**What the exercise asks**
Give again, word for word, the line holding "7) car <box>354,633,396,651</box>" and every line after it through the end of the data below. Omit pictures.

Saved data entries
Start of Block

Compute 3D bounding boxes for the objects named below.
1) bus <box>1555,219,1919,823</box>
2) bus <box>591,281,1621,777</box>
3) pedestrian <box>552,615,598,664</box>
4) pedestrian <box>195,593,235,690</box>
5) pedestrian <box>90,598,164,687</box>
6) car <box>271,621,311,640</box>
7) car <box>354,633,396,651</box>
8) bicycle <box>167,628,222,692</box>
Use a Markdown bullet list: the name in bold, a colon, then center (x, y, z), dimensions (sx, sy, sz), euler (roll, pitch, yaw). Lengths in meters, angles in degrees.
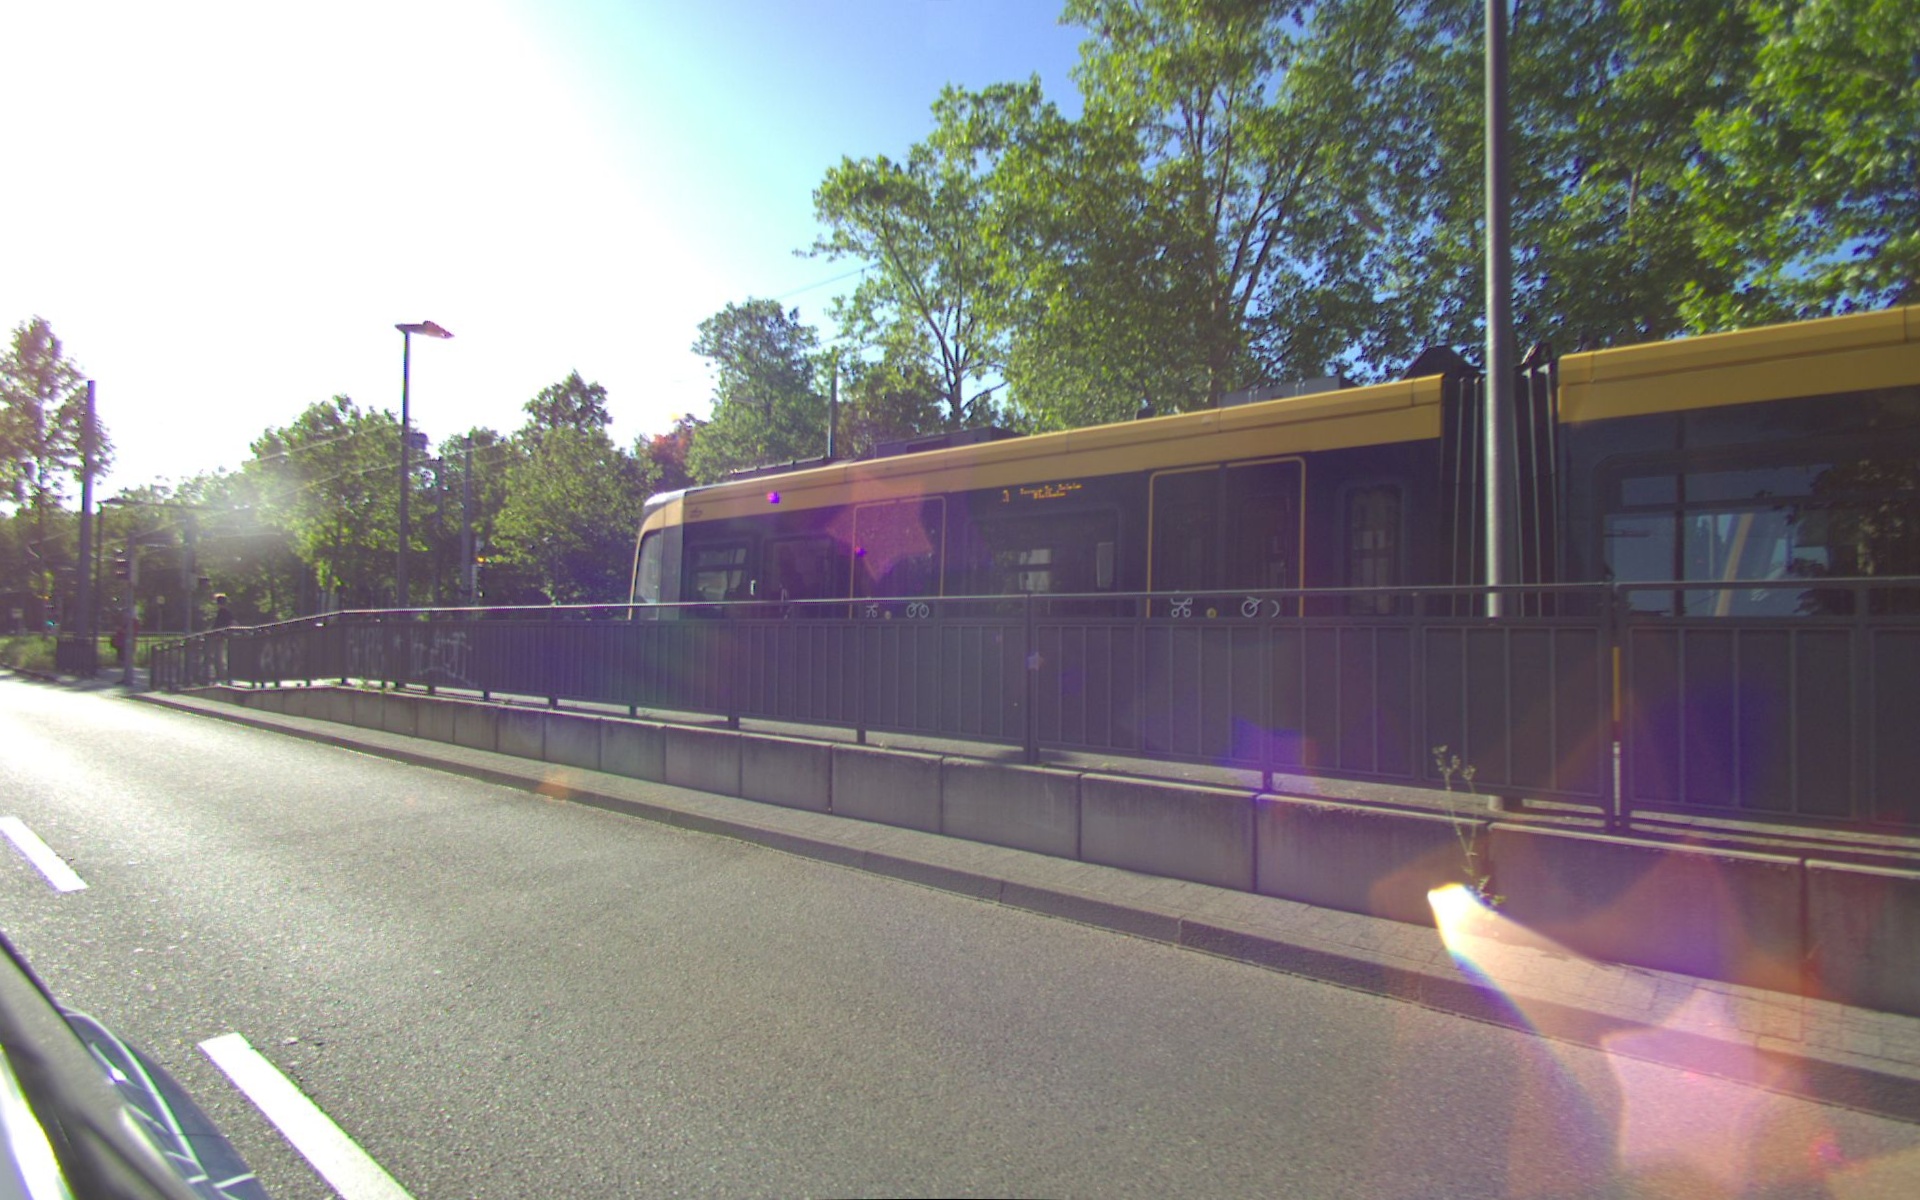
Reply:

End of Block

**Solved exercise**
7) car <box>354,633,396,651</box>
8) bicycle <box>167,628,222,692</box>
Use a Markdown bullet list: the name in bold, a colon, then center (x, y, z), dimensions (sx, sy, sz), euler (roll, pitch, yaw). Lengths in meters, angles in degrees.
Reply:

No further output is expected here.